Erupsi Masih Meninggi
”Dengan status Awas, Sinabung bisa meletus dalam skala cukup besar kapan saja. Kami minta warga mematuhi larangan memasuki zona merah,” kata Ketua Pos Pengamatan Gunung Api Sinabung Armen Putra.
Suplai energi
Armen menjelaskan, pada Selasa selama pukul 00.00 hingga pukul 18.00, aktivitas kegempaan Sinabung didominasi gempa guguran sebanyak 21 kali. Gempa ini menunjukkan kubah lava tidak stabil dan dapat runtuh menjadi awan panas guguran kapan saja. Hasil pengamatan terakhir, volume kubah lava mencapai 1,6 juta meter kubik. Namun, volume itu diperkirakan sudah berkurang setelah Sinabung meletus dahsyat, Senin, dengan melontarkan abu setinggi 5.000 meter. Letusan itu disertai awan panas guguran sejauh 4.900 meter ke arah tenggara-selatan serta 3.500 meter ke arah barat-selatan.
Selain gempa guguran, pada Selasa, gempa hibrida juga terjadi sebanyak tiga kali yang menandakan adanya proses pembentukan kubah lava. ”Gempa frekuensi rendah juga terjadi empat kali. Ini menunjukkan bahwa dapur magma Sinabung masih menyuplai energi dan fluida ke kawah gunung,” katanya.
Bupati Karo Terkelin Brahmana mengatakan, saat ini, mereka berfokus mengatasi dampak paparan abu vulkanis. Pemkab Karo bersama Kepolisian Daerah Sumatera Utara dan Kodim 0205 Tanah Karo mengerahkan mobil pemadam kebakaran dan kendaraan water canon untuk menyiram abu di jalan yang menumpuk 2-5 sentimeter.
Hujan pada Selasa sore hingga malam juga membuat lahar hujan meluap dari jalur lahar hujan ke jembatan di Desa Sukatendel, Kecamatan Tiganderket. Material lahar hujan berupa batu dan lumpur menumpuk di sekitar jembatan sepanjang 10 meter dan di jalan sekitarnya sehingga jalan itu tidak dapat dilalui. Warga dari Tiganderket yang hendak ke Kabanjahe harus melalui jalan alternatif di Desa Mardinding.
Bersihkan abu
Berdasarkan pantauan Kompas, warga di selatan Sinabung, khususnya di Kecamatan Payung, Tiganderket, dan Simpang Empat, ikut bergotong royong membersihkan jalan. Masyarakat juga naik ke atap rumah menyapu abu vulkanis yang menumpuk. Ada pula warga yang ke ladang khusus untuk menyeka abu dari daun tanaman yang masih bisa diselamatkan. Saat berada di luar rumah, warga umumnya mengenakan masker dan payung untuk menghindari paparan abu.
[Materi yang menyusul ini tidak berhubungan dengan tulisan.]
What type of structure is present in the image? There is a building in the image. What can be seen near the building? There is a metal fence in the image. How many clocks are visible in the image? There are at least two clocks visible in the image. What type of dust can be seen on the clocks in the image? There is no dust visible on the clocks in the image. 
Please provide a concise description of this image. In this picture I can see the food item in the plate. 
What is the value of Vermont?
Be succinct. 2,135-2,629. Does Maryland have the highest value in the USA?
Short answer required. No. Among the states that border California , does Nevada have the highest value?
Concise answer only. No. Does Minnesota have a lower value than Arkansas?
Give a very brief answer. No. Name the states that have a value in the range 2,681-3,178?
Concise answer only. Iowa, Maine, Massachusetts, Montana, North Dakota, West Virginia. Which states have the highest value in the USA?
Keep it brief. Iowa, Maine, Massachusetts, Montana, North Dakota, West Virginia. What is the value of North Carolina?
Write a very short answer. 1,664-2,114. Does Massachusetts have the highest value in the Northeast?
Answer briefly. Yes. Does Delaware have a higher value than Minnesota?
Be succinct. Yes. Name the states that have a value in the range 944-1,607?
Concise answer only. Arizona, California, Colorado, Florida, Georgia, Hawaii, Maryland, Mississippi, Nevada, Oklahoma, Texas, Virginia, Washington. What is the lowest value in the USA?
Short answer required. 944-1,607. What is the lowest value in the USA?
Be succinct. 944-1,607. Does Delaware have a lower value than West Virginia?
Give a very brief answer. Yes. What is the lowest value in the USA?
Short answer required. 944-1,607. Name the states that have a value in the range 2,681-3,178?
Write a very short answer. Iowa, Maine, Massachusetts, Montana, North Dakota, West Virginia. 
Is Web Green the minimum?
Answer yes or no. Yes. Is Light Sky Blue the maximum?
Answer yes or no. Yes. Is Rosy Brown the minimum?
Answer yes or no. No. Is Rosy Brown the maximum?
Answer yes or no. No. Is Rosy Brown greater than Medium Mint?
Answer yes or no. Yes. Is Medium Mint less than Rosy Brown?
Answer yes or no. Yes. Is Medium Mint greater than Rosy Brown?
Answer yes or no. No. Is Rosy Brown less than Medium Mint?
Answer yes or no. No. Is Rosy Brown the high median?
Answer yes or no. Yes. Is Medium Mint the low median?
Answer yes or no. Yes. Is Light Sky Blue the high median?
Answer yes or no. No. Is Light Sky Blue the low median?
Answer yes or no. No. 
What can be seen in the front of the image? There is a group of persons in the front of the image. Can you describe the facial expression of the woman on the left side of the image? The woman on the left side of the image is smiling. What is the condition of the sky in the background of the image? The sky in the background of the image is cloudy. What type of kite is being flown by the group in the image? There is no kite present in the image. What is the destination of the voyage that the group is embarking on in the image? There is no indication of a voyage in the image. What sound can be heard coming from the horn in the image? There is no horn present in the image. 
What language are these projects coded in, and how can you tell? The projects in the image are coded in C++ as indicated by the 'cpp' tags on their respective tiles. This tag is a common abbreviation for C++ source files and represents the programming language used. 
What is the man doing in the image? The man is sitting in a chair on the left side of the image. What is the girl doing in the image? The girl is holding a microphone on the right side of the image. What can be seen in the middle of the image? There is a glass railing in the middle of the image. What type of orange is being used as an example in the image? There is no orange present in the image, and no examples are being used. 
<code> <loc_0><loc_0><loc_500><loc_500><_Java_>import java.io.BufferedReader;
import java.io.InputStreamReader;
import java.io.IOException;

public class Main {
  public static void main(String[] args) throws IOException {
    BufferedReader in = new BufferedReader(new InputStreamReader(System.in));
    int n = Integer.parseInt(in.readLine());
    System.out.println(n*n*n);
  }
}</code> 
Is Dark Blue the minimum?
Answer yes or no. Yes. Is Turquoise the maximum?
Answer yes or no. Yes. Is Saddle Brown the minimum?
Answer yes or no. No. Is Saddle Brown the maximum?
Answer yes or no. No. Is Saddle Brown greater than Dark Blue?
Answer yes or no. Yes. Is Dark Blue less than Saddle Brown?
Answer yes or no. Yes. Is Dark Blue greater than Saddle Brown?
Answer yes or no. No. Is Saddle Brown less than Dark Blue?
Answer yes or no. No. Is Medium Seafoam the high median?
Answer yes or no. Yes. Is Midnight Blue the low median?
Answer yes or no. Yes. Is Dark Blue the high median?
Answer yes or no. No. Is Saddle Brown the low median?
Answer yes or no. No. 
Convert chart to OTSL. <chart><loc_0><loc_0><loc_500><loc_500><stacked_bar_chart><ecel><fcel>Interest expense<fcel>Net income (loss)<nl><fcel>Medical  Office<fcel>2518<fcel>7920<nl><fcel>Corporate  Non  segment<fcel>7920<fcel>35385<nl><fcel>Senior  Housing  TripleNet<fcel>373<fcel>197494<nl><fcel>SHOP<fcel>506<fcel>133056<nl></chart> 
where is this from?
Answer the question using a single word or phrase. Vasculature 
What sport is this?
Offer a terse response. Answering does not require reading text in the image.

Kadis Pertanian Karo Sarjana Purba mengatakan, hasil pendataan sementara, sekitar 30.320 hektar ladang tersebar di delapan kecamatan di lingkar Sinabung mengalami rusak ringan, sedang, dan berat akibat terkena abu vulkanis. Delapan kecamatan itu adalah Payung, Tiganderket, Kuta Buluh, Munte, Tiga Binanga, Juhar, Laubaleng, dan Mardinding. Kerusakan juga terjadi di Kecamatan Simpang Empat, tetapi Pemkab Karo tak mendata karena ladang itu masuk zona merah. Selama ini zona itu dilarang adanya aktivitas, termasuk budidaya tanaman pertanian.
Para petani juga disarankan beralih dari tanaman hortikultura ke tanaman yang tahan abu vulkanis, seperti bawang, wortel, kopi, dan tanaman perkebunan lainnya. ”Namun, petani sulit mengganti jenis tanamannya karena telah lama menanam hortikultura untuk mendapat keuntungan besar,” ujar Sarjana.
Baskami boru Bangun (60), petani Desa Payung, Kecamatan Payung, Karo, mengaku rugi sekitar Rp 15 juta karena 5.000 tanaman cabai dan 3.000 tanaman jagung miliknya rusak total. ”Padahal tanaman cabai saya sudah mulai berbuah dan sedang menunggu panen. Modal saya habis semua tertimbun abu Sinabung,” katanya.